──────── WORKING DATA

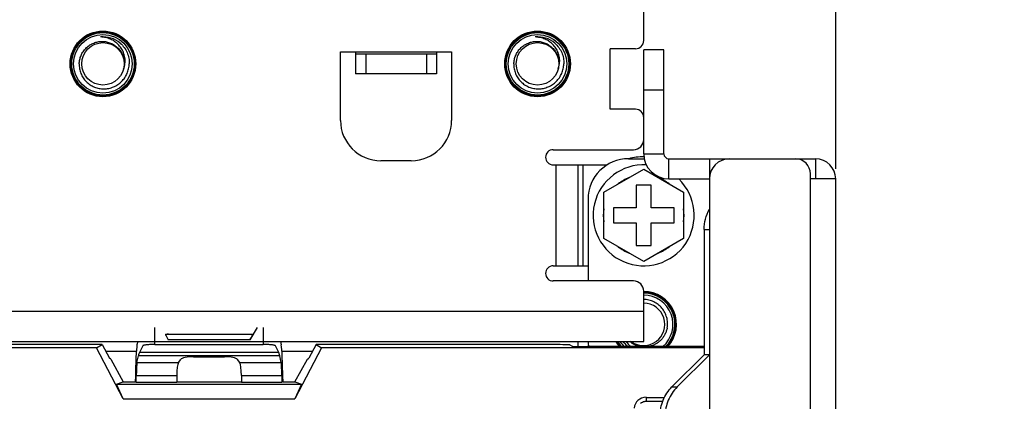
# Model space of a CAD drawing. Header units: millimetres. Extents: x 5740 to 7888, y -1457 to 417.
# Tile 37 of 120: x 6170 to 6267, y -513 to -475. Entities that reach past the tile are written whole.
import ezdxf

# ---------------------------------------------------------------- set-up
doc = ezdxf.new("R2010")
doc.units = ezdxf.units.MM
doc.header["$LTSCALE"] = 23.1
doc.header["$PDMODE"] = 3
doc.header["$PDSIZE"] = 0.31
doc.layers.get('0').update_dxf_attribs({"linetype": 'CONTINUOUS'})
doc.layers.get('Defpoints').update_dxf_attribs({"linetype": 'CONTINUOUS'})
doc.styles.get("Standard").update_dxf_attribs({"font": 'arial.ttf'})
doc.dimstyles.new('DIMSTYLE_2$0', dxfattribs={"dimtxt": 2.5, "dimasz": 3, "dimexe": 0.18, "dimexo": 0.0625, "dimgap": 0.09, "dimtad": 1, "dimdec": 0, "dimdsep": 46, "dimtxsty": 'Standard', "dimblk": '_FILLED', "dimcen": 0.09, "dimadec": 0, "dimazin": 0, "dimtp": 0.01, "dimtm": 0.01, "dimtfac": 1, "dimtdec": 0, "dimtofl": 0, "dimtmove": 0, "dimatfit": 3, "dimldrblk": '_FILLED', "dimfxl": 0, "dimtolj": 1, "dimarcsym": 0})

# ---------------------------------------------------------------- blocks, each defined once
blk = doc.blocks.new('_FILLED')
at = {"color": 0, "linetype": 'ByBlock'}
blk.add_solid([(0, 0), (-1, 0.2), (-1, -0.2)], dxfattribs=at)
blk = doc.blocks.new('*D505')
at = {"color": 0, "linetype": 'Continuous', "lineweight": -2}
for p, q in [((5954.32, -489.762), (5954.32, -408.514)), ((6250.32, -489.762), (6250.32, -408.514)), ((5959.32, -411.014), (6245.32, -411.014))]:
    blk.add_line(p, q, dxfattribs=at)
at = {"layer": 'Defpoints', "color": 0, "linetype": 'Continuous'}
for p in [(6250.32, -411.014), (5954.32, -490.762), (6250.32, -490.762)]:
    blk.add_point(p, dxfattribs=at)
at = {"color": 0, "linetype": 'Continuous', "lineweight": -2, "xscale": 5, "yscale": 5, "zscale": 5, "rotation": 180}
blk.add_blockref('_FILLED', (5954.32, -411.014), dxfattribs=at)
at = {"color": 0, "linetype": 'Continuous', "lineweight": -2, "xscale": 5, "yscale": 5, "zscale": 5}
blk.add_blockref('_FILLED', (6250.32, -411.014), dxfattribs=at)
at = {"color": 0, "linetype": 'Continuous', "insert": (6106.345, -404.847), "char_height": 7.5, "attachment_point": 5}
blk.add_mtext('\\A1;296(11.65)', dxfattribs=at)
blk = doc.blocks.new('*D506')
at = {"color": 0, "linetype": 'Continuous', "lineweight": -2}
for p, q in [((6228.32, -457.862), (6364.419, -457.862)), ((6361.919, -462.862), (6361.919, -669.862)), ((6196.82, -674.862), (6364.419, -674.862))]:
    blk.add_line(p, q, dxfattribs=at)
at = {"layer": 'Defpoints', "color": 0, "linetype": 'Continuous'}
for p in [(6227.32, -457.862), (6195.82, -674.862), (6361.919, -674.862)]:
    blk.add_point(p, dxfattribs=at)
at = {"color": 0, "linetype": 'Continuous', "lineweight": -2, "xscale": 5, "yscale": 5, "zscale": 5}
for p, rotation in [((6361.919, -457.862), 90), ((6361.919, -674.862), 270)]:
    blk.add_blockref('_FILLED', p, dxfattribs=dict(at, rotation=rotation))
at = {"color": 0, "linetype": 'Continuous', "insert": (6355.752, -566.031), "char_height": 7.5, "attachment_point": 5, "rotation": 90}
blk.add_mtext('\\A1;217(8.54)', dxfattribs=at)
blk = doc.blocks.new('*D508')
at = {"color": 0, "linetype": 'Continuous', "lineweight": -2}
for p, q in [((6198.873, -463.862), (6349.418, -463.862)), ((6346.918, -468.862), (6346.918, -663.862)), ((6248.574, -668.862), (6349.418, -668.862))]:
    blk.add_line(p, q, dxfattribs=at)
at = {"layer": 'Defpoints', "color": 0, "linetype": 'Continuous'}
for p in [(6197.873, -463.862), (6247.574, -668.862), (6346.918, -668.862)]:
    blk.add_point(p, dxfattribs=at)
at = {"color": 0, "linetype": 'Continuous', "lineweight": -2, "xscale": 5, "yscale": 5, "zscale": 5}
for p, rotation in [((6346.918, -463.862), 90), ((6346.918, -668.862), 270)]:
    blk.add_blockref('_FILLED', p, dxfattribs=dict(at, rotation=rotation))
at = {"color": 0, "linetype": 'Continuous', "insert": (6340.752, -566.362), "char_height": 7.5, "attachment_point": 5, "rotation": 90}
blk.add_mtext('\\A1;205(8.07)', dxfattribs=at)

msp = doc.modelspace()

# ---------------------------------------------------------------- linework, layer by layer
at = {"color": 0}
for p, q in [((6231.32, -477.062), (6231.32, -461.862)), ((6177.582, -476.702), (6177.578, -476.702)), ((6177.582, -476.702), (6177.578, -476.702)), ((6179.537, -477.316), (6179.54, -477.319)), ((6179.537, -477.316), (6179.54, -477.319)), ((6220.582, -476.702), (6220.578, -476.702)), ((6220.582, -476.702), (6220.578, -476.702)), ((6222.537, -477.316), (6222.54, -477.319)), ((6222.537, -477.316), (6222.54, -477.319)), ((6201.32, -478.162), (6212.32, -478.162)), ((6201.32, -484.962), (6201.32, -478.162)), ((6202.82, -478.162), (6202.82, -478.362)), ((6210.82, -478.162), (6210.82, -478.362)), ((6212.32, -478.162), (6212.32, -484.963)), ((6230.52, -477.862), (6228.02, -477.862)), ((6228.02, -483.862), (6228.02, -477.862)), ((6233.32, -477.962), (6231.32, -477.962)), ((6231.32, -488.262), (6231.32, -477.962)), ((6233.32, -488.262), (6233.32, -477.962)), ((6202.82, -478.362), (6210.82, -478.362)), ((6202.82, -478.362), (6202.82, -480.362)), ((6203.82, -478.362), (6203.82, -480.362)), ((6209.82, -478.362), (6209.82, -480.362)), ((6210.82, -478.362), (6210.82, -480.362)), ((6210.82, -480.362), (6202.82, -480.362)), ((6233.32, -481.962), (6231.32, -481.962)), ((6230.52, -483.862), (6228.02, -483.862)), ((6222.37, -487.862), (6230.32, -487.862)), ((6208.32, -488.962), (6205.32, -488.962)), ((6229.82, -488.762), (6231.372, -488.762)), ((6231.32, -488.262), (6233.32, -488.262)), ((6233.82, -488.762), (6248.32, -488.762)), ((6233.82, -490.762), (6233.82, -488.762)), ((6237.82, -488.762), (6237.82, -660.862)), ((6248.32, -488.762), (6248.32, -490.762)), ((6222.37, -489.362), (6227.72, -489.362)), ((6222.62, -489.362), (6222.62, -499.362)), ((6224.82, -489.362), (6224.82, -499.362)), ((6225.32, -499.362), (6225.32, -489.362)), ((6227.37, -492.082), (6231.32, -489.801)), ((6231.32, -489.801), (6235.27, -492.082)), ((6233.82, -490.762), (6237.82, -490.762)), ((6247.82, -662.262), (6247.82, -490.262)), ((6250.32, -490.762), (6247.82, -490.762)), ((6250.32, -661.762), (6250.32, -490.762)), ((6232.07, -491.362), (6230.57, -491.362)), ((6230.57, -491.362), (6230.57, -493.612)), ((6232.07, -493.612), (6232.07, -491.362)), ((6225.82, -492.762), (6225.82, -500.862)), ((6227.37, -496.643), (6227.37, -492.082)), ((6235.27, -492.082), (6235.27, -496.643)), ((6230.57, -493.612), (6228.32, -493.612)), ((6228.32, -493.612), (6228.32, -495.112)), ((6234.32, -493.612), (6232.07, -493.612)), ((6234.32, -495.112), (6234.32, -493.612)), ((6228.32, -495.112), (6230.57, -495.112)), ((6230.57, -495.112), (6230.57, -497.362)), ((6232.07, -495.112), (6234.32, -495.112)), ((6232.07, -497.362), (6232.07, -495.112)), ((6237.302, -495.762), (6237.82, -495.762)), ((6237.302, -495.762), (6237.302, -508.162)), ((6231.32, -498.924), (6227.37, -496.643)), ((6235.27, -496.643), (6231.32, -498.924)), ((6230.57, -497.362), (6232.07, -497.362)), ((6222.37, -499.362), (6225.82, -499.362)), ((6230.32, -500.862), (6222.37, -500.862)), ((6231.32, -506.862), (6231.32, -501.862)), ((5973.32, -503.862), (6231.32, -503.862)), ((6182.959, -507.153), (6182.959, -505.462)), ((6193.075, -505.462), (6192.362, -506.69)), ((6193.681, -505.462), (6193.681, -507.153)), ((6184.004, -506.153), (6184.32, -506.062)), ((6192.636, -506.153), (6184.004, -506.153)), ((5973.32, -506.862), (6231.32, -506.862)), ((6177.731, -507.162), (6112.909, -507.162)), ((6177.186, -507.477), (6113.454, -507.477)), ((6177.186, -507.477), (6177.731, -507.162)), ((6179.822, -512.525), (6177.186, -507.477)), ((6177.731, -507.162), (6178.464, -508.519)), ((6181.261, -506.862), (6181.188, -507.201)), ((6181.761, -507.272), (6181.425, -507.942)), ((6182.959, -507.153), (6193.681, -507.153)), ((6192.362, -506.69), (6184.279, -506.69)), ((6195.216, -507.942), (6194.88, -507.272)), ((6195.38, -506.862), (6195.452, -507.201)), ((6199.454, -507.477), (6196.818, -512.525)), ((6198.909, -507.162), (6198.176, -508.519)), ((6222.504, -507.162), (6198.909, -507.162)), ((6198.909, -507.162), (6199.454, -507.477)), ((6237.302, -507.477), (6199.454, -507.477)), ((6224.002, -507.2), (6224.246, -507.322)), ((6224.82, -506.862), (6224.82, -507.35)), ((6237.302, -507.359), (6225.744, -507.359)), ((6229.335, -506.95), (6229.332, -506.946)), ((6229.335, -506.95), (6229.332, -506.947)), ((6181.115, -507.862), (6178.109, -507.862)), ((6178.596, -508.597), (6178.464, -508.519)), ((6181.18, -508.945), (6181.322, -508.281)), ((6195.318, -508.281), (6181.322, -508.281)), ((6195.216, -507.942), (6181.425, -507.942)), ((6186.793, -508.368), (6189.848, -508.368)), ((6195.46, -508.945), (6195.318, -508.281)), ((6198.531, -507.862), (6195.526, -507.862)), ((6198.044, -508.597), (6198.176, -508.519)), ((6234.113, -511.352), (6237.302, -508.162)), ((6234.631, -511.352), (6237.82, -508.162)), ((6237.82, -508.162), (6237.302, -508.162)), ((6178.596, -508.597), (6179.82, -510.862)), ((6181.18, -508.945), (6185.294, -508.945)), ((6185.294, -508.945), (6185.512, -508.636)), ((6191.347, -508.945), (6191.128, -508.636)), ((6191.347, -508.945), (6195.46, -508.945)), ((6196.82, -510.862), (6198.044, -508.597)), ((6181.118, -510.892), (6181.122, -510.206)), ((6181.122, -510.206), (6185.12, -510.206)), ((6185.12, -510.206), (6185.12, -510.892)), ((6191.52, -510.206), (6195.518, -510.206)), ((6191.52, -510.206), (6191.52, -510.892)), ((6195.518, -510.206), (6195.522, -510.892)), ((6179.161, -511.092), (6179.82, -510.862)), ((6179.161, -511.092), (6197.479, -511.092)), ((6179.822, -512.525), (6179.161, -511.092)), ((6179.82, -510.862), (6181.03, -510.862)), ((6181.03, -510.862), (6181.031, -510.597)), ((6181.03, -510.862), (6181.118, -510.892)), ((6181.118, -510.892), (6185.12, -510.892)), ((6185.12, -510.862), (6191.52, -510.862)), ((6191.52, -510.892), (6195.522, -510.892)), ((6195.611, -510.862), (6195.522, -510.892)), ((6195.609, -510.597), (6195.611, -510.862)), ((6195.611, -510.862), (6196.82, -510.862)), ((6197.479, -511.092), (6196.818, -512.525)), ((6196.82, -510.862), (6197.479, -511.092)), ((6234.113, -511.352), (6234.631, -511.352)), ((6231.55, -512.385), (6233.373, -512.385)), ((6231.55, -512.385), (6231.55, -512.779)), ((6179.822, -512.525), (6196.818, -512.525)), ((6231.55, -512.772), (6233.202, -512.772)), ((6231.55, -512.779), (6233.199, -512.779))]:
    msp.add_line(p, q, dxfattribs=at)
for centre, radius in [((6177.82, -479.362), 3.25), ((6177.82, -479.362), 3.19), ((6177.82, -479.362), 3.09), ((6220.82, -479.362), 3.25), ((6220.82, -479.362), 3.19), ((6220.82, -479.362), 3.09), ((6177.82, -479.362), 2.9), ((6177.82, -479.362), 2.1), ((6220.82, -479.362), 2.9), ((6220.82, -479.362), 2.1)]:
    msp.add_circle(centre, radius, dxfattribs=at)
for centre, radius, start, end in [((6177.82, -479.362), 2.672, 50.20954, 95.20954), ((6177.822, -479.377), 2.686, 94.31359, 95.23162), ((6177.792, -479.395), 2.714, 49.28778, 50.19523), ((6177.769, -479.299), 2.657, 48.2858, 48.48571), ((6177.794, -479.393), 2.711, 49.09857, 49.28766), ((6220.82, -479.362), 2.672, 50.20954, 95.20954), ((6220.822, -479.377), 2.686, 94.31359, 95.23162), ((6220.792, -479.395), 2.714, 49.28778, 50.19523), ((6220.769, -479.299), 2.657, 48.2858, 48.48571), ((6220.794, -479.393), 2.711, 49.09857, 49.28766), ((6230.52, -477.062), 0.8, 270, 0), ((6177.902, -479.075), 2.109, 338.35449, 352.16001), ((6220.902, -479.075), 2.109, 338.35449, 352.16001), ((6230.52, -484.662), 0.8, 0, 90), ((6205.32, -484.962), 4, 180, 270), ((6208.32, -484.962), 4, 270, 0), ((6230.32, -486.862), 1, 270, 0), ((6222.37, -488.612), 0.75, 90, 270), ((6229.82, -492.762), 4, 90, 180), ((6231.32, -494.362), 5.8, 89.78004, 104.74758), ((6233.82, -488.262), 2.5, 180, 270), ((6233.82, -488.262), 0.5, 180, 270), ((6239.82, -490.762), 2, 90, 180), ((6246.32, -490.262), 1.5, 0, 90), ((6248.32, -490.762), 2, 0, 90), ((6231.32, -494.362), 5, 86.98585, 46.06162), ((6231.32, -494.362), 4, 110.93128, 129.06872), ((6231.32, -494.362), 4, 50.93128, 69.06872), ((6231.32, -494.362), 4, 170.93128, 189.06872), ((6231.32, -494.362), 4, 350.93128, 9.06872), ((6231.32, -494.362), 4, 230.93128, 249.06872), ((6231.32, -494.362), 4, 290.93128, 309.06872), ((6222.37, -500.112), 0.75, 90, 270), ((6230.32, -501.862), 1, 0, 90), ((6231.32, -505.162), 3.25, 317.44074, 90), ((6231.32, -505.162), 3.19, 316.4699, 90.0001), ((6231.32, -505.162), 3.09, 314.69462, 90.00002), ((6231.32, -505.162), 2.9, 310.74413, 90.00002), ((6231.32, -505.162), 2.1, 234.07719, 90.0004), ((6229.82, -506.762), 4, 181.44407, 188.58725), ((6231.32, -505.162), 3.25, 211.57645, 222.55926), ((6231.32, -505.162), 3.19, 212.20581, 223.51565), ((6231.32, -505.162), 3.09, 213.39199, 225.31589), ((6231.32, -505.162), 2.9, 215.89871, 229.23706), ((6231.346, -505.14), 2.706, 219.54892, 221.09175), ((6231.366, -505.229), 2.662, 217.85306, 220.183), ((6231.35, -505.136), 2.711, 221.09129, 221.28038), ((6231.352, -505.134), 2.714, 221.2805, 222.18795), ((6231.362, -505.233), 2.657, 220.27853, 220.47843), ((6231.32, -505.162), 2.672, 222.20227, 235.32566), ((6231.535, -505.372), 2.471, 217.09377, 233.52359), ((6231.55, -513.573), 1.189, 90.00369, 173.89468)]:
    msp.add_arc(centre, radius, start, end, dxfattribs=at)
for centre, major_axis, ratio, start_param, end_param in [((6184.358, -506.753), (-0.354, 0.6), 0.052378, -0.013478, 1.435146), ((6192.283, -506.753), (0.354, 0.6), 0.052378, -1.435146, 0.013478), ((6181.213, -510.597), (0.019, 3.5), 0.052119, 0.244632, 1.571083), ((6195.427, -510.597), (-0.019, 3.5), 0.052119, -1.571083, -0.244632), ((6222.504, -507.202), (1.5, 0), 0.026186, 0.05236, 1.570796), ((6225.744, -507.32), (1.5, 0), 0.026186, -3.089233, -1.570796), ((6181.425, -521.865), (0.077, 14), 0.052119, 0.105006, 0.244632), ((6186.793, -508.692), (1.3, 0), 0.249328, 1.570796, 2.96706), ((6189.848, -508.692), (1.3, 0), 0.249328, 0.174533, 1.570796), ((6195.216, -521.865), (-0.077, 14), 0.052119, -0.244632, -0.105006), ((6181.19, -510.206), (0.007, 1.3), 0.052119, 0.244632, 1.571083), ((6185.349, -510.206), (0, 1.3), 0.176327, 0.244346, 1.570796), ((6191.291, -510.206), (0, 1.3), 0.176327, -1.570796, -0.244346), ((6195.451, -510.206), (-0.007, 1.3), 0.052119, -1.571083, -0.244632)]:
    msp.add_ellipse(centre, major_axis=major_axis, ratio=ratio, start_param=start_param, end_param=end_param, dxfattribs=at)
for points, knots in [([(6175.473, -479.362), (6175.478, -479.221), (6175.513, -478.938), (6175.643, -478.53), (6175.845, -478.153), (6176.068, -477.875), (6176.276, -477.68), (6176.5, -477.506), (6176.809, -477.329), (6177.214, -477.19), (6177.638, -477.129), (6178.065, -477.151), (6178.48, -477.254), (6178.804, -477.405), (6179.041, -477.561), (6179.262, -477.74), (6179.502, -478.004), (6179.724, -478.37), (6179.868, -478.773), (6179.908, -479.056), (6179.914, -479.198)], [0, 0, 0, 0, 0.062504, 0.125001, 0.187501, 0.249998, 0.281282, 0.312565, 0.375062, 0.437556, 0.500049, 0.562541, 0.62503, 0.687517, 0.718798, 0.750079, 0.812563, 0.875045, 0.937521, 1, 1, 1, 1]), ([(6179.991, -479.362), (6180.003, -479.279), (6180.016, -479.111), (6180.007, -478.858), (6179.969, -478.607), (6179.881, -478.281), (6179.705, -477.895), (6179.45, -477.556), (6179.208, -477.321), (6178.942, -477.112), (6178.572, -476.903), (6178.088, -476.746), (6177.751, -476.706), (6177.582, -476.702)], [0, 0, 0, 0, 0.06244, 0.124917, 0.187396, 0.249895, 0.374747, 0.499656, 0.56222, 0.624796, 0.749814, 0.874878, 1, 1, 1, 1]), ([(6179.54, -477.319), (6179.683, -477.446), (6179.941, -477.733), (6180.226, -478.235), (6180.396, -478.787), (6180.427, -479.171), (6180.421, -479.362)], [0, 0, 0, 0, 0.250018, 0.500012, 0.750003, 1, 1, 1, 1]), ([(6218.473, -479.362), (6218.478, -479.221), (6218.513, -478.938), (6218.643, -478.53), (6218.845, -478.153), (6219.068, -477.875), (6219.276, -477.68), (6219.5, -477.506), (6219.809, -477.329), (6220.214, -477.19), (6220.638, -477.129), (6221.065, -477.151), (6221.48, -477.254), (6221.804, -477.405), (6222.041, -477.561), (6222.262, -477.74), (6222.502, -478.004), (6222.724, -478.37), (6222.868, -478.773), (6222.908, -479.056), (6222.914, -479.198)], [0, 0, 0, 0, 0.062504, 0.125001, 0.187501, 0.249998, 0.281282, 0.312565, 0.375062, 0.437556, 0.500049, 0.562541, 0.62503, 0.687517, 0.718798, 0.750079, 0.812563, 0.875045, 0.937521, 1, 1, 1, 1]), ([(6222.991, -479.362), (6223.003, -479.279), (6223.016, -479.111), (6223.007, -478.858), (6222.969, -478.607), (6222.881, -478.281), (6222.705, -477.895), (6222.45, -477.556), (6222.208, -477.321), (6221.942, -477.112), (6221.572, -476.903), (6221.088, -476.746), (6220.751, -476.706), (6220.582, -476.702)], [0, 0, 0, 0, 0.06244, 0.124917, 0.187396, 0.249895, 0.374747, 0.499656, 0.56222, 0.624796, 0.749814, 0.874878, 1, 1, 1, 1]), ([(6222.54, -477.319), (6222.683, -477.446), (6222.941, -477.733), (6223.226, -478.235), (6223.396, -478.787), (6223.427, -479.171), (6223.421, -479.362)], [0, 0, 0, 0, 0.250018, 0.500012, 0.750003, 1, 1, 1, 1]), ([(6175.473, -479.362), (6175.467, -479.524), (6175.484, -479.768), (6175.556, -480.084), (6175.66, -480.392), (6175.848, -480.753), (6176.105, -481.069), (6176.345, -481.287), (6176.605, -481.48), (6176.965, -481.671), (6177.433, -481.81), (6177.92, -481.854), (6178.405, -481.802), (6178.872, -481.657), (6179.23, -481.464), (6179.49, -481.271), (6179.731, -481.053), (6179.991, -480.74), (6180.186, -480.383), (6180.3, -480.08), (6180.386, -479.767), (6180.416, -479.524), (6180.421, -479.362)], [0, 0, 0, 0, 0.062471, 0.093747, 0.125023, 0.187496, 0.24997, 0.281248, 0.312525, 0.375004, 0.437482, 0.499963, 0.562446, 0.624929, 0.687413, 0.718693, 0.749972, 0.81246, 0.874948, 0.906226, 0.937506, 1, 1, 1, 1]), ([(6218.473, -479.362), (6218.467, -479.524), (6218.484, -479.768), (6218.556, -480.084), (6218.66, -480.392), (6218.848, -480.753), (6219.105, -481.069), (6219.345, -481.287), (6219.605, -481.48), (6219.965, -481.671), (6220.433, -481.81), (6220.92, -481.854), (6221.405, -481.802), (6221.872, -481.657), (6222.23, -481.464), (6222.49, -481.271), (6222.731, -481.053), (6222.991, -480.74), (6223.186, -480.383), (6223.3, -480.08), (6223.386, -479.767), (6223.416, -479.524), (6223.421, -479.362)], [0, 0, 0, 0, 0.062471, 0.093747, 0.125023, 0.187496, 0.24997, 0.281248, 0.312525, 0.375004, 0.437482, 0.499963, 0.562446, 0.624929, 0.687413, 0.718693, 0.749972, 0.81246, 0.874948, 0.906226, 0.937506, 1, 1, 1, 1]), ([(6237.302, -495.762), (6237.302, -495.415), (6237.391, -494.718), (6237.651, -494.065), (6237.82, -493.762)], [0, 0, 0, 0, 0.50109, 1, 1, 1, 1]), ([(6233.645, -505.489), (6233.674, -505.32), (6233.697, -504.974), (6233.616, -504.46), (6233.427, -503.975), (6233.139, -503.543), (6232.766, -503.181), (6232.325, -502.906), (6231.836, -502.73), (6231.492, -502.683), (6231.32, -502.677)], [0, 0, 0, 0, 0.12499, 0.249978, 0.374971, 0.499969, 0.624972, 0.749979, 0.874986, 1, 1, 1, 1]), ([(6233.645, -505.489), (6233.624, -505.604), (6233.567, -505.83), (6233.431, -506.153), (6233.248, -506.452), (6233.023, -506.72), (6232.759, -506.951), (6232.464, -507.138), (6232.143, -507.279), (6231.917, -507.338), (6231.802, -507.359)], [0, 0, 0, 0, 0.125003, 0.250009, 0.375007, 0.500007, 0.625004, 0.750007, 0.875006, 1, 1, 1, 1]), ([(6182.959, -507.153), (6182.811, -507.153), (6182.535, -507.158), (6182.209, -507.178), (6181.995, -507.203), (6181.88, -507.222), (6181.807, -507.242), (6181.767, -507.26), (6181.761, -507.272)], [0, 0, 0, 0, 0.366687, 0.681805, 0.805781, 0.901648, 0.96634, 1, 1, 1, 1]), ([(6194.88, -507.272), (6194.874, -507.26), (6194.833, -507.242), (6194.76, -507.222), (6194.645, -507.203), (6194.431, -507.178), (6194.105, -507.158), (6193.83, -507.153), (6193.681, -507.153)], [0, 0, 0, 0, 0.03366, 0.098352, 0.194219, 0.318195, 0.633313, 1, 1, 1, 1]), ([(6231.002, -507.36), (6230.811, -507.325), (6230.437, -507.205), (6230.107, -506.99), (6229.961, -506.863)], [0, 0, 0, 0, 0.500019, 1, 1, 1, 1]), ([(6232.933, -514.229), (6232.933, -513.698), (6233.14, -512.631), (6233.741, -511.724), (6234.113, -511.352)], [0, 0, 0, 0, 0.502382, 1, 1, 1, 1]), ([(6234.631, -511.352), (6234.259, -511.724), (6233.657, -512.631), (6233.451, -513.698), (6233.451, -514.229)], [0, 0, 0, 0, 0.497618, 1, 1, 1, 1]), ([(6231.002, -512.962), (6231.116, -512.872), (6231.305, -512.788), (6231.5, -512.772), (6231.55, -512.772)], [0, 0, 0, 0, 0.745523, 1, 1, 1, 1])]:
    msp.add_open_spline(points, degree=3, knots=knots, dxfattribs=at)

# ---------------------------------------------------------------- dimensions: what is measured, and where the dimension line sits
at = {"color": 0, "linetype": 'Continuous'}
dim = msp.add_linear_dim(base=(6250.32, -411.014), p1=(5954.32, -490.762), p2=(6250.32, -490.762), text='<>(11.65)', dimstyle='DIMSTYLE_2$0', override={"dimscale": 2.5, "dimtxt": 3, "dimasz": 2, "dimexe": 1, "dimexo": 0.4, "dimgap": 0.5, "dimtad": 3, "dimdec": 2, "dimpost": ''}, dxfattribs=at)
dim.commit()
dim.dimension.update_dxf_attribs({"geometry": '*D505', "text_midpoint": (6106.345, -411.014), "dimtype": 160})
for base, p1, p2, text, picture, middle in [((6361.919, -674.862), (6227.32, -457.862), (6195.82, -674.862), '<>(8.54)', '*D506', (6361.919, -566.031)), ((6346.918, -668.862), (6197.873, -463.862), (6247.574, -668.862), '<>(8.07)', '*D508', (6346.918, -566.362))]:
    dim = msp.add_linear_dim(base=base, p1=p1, p2=p2, angle=90, text=text, dimstyle='DIMSTYLE_2$0', override={"dimscale": 2.5, "dimtxt": 3, "dimasz": 2, "dimexe": 1, "dimexo": 0.4, "dimgap": 0.5, "dimtad": 3, "dimdec": 2}, dxfattribs=at)
    dim.commit()
    dim.dimension.update_dxf_attribs({"geometry": picture, "text_midpoint": middle, "dimtype": 160})

doc.saveas('drawing.dxf')

────────────────

WORK ITEM »
Counting only lines that hold the word "dimtype", state how many there are in the data. Write the number alone.

EXPECTED ANSWER »
2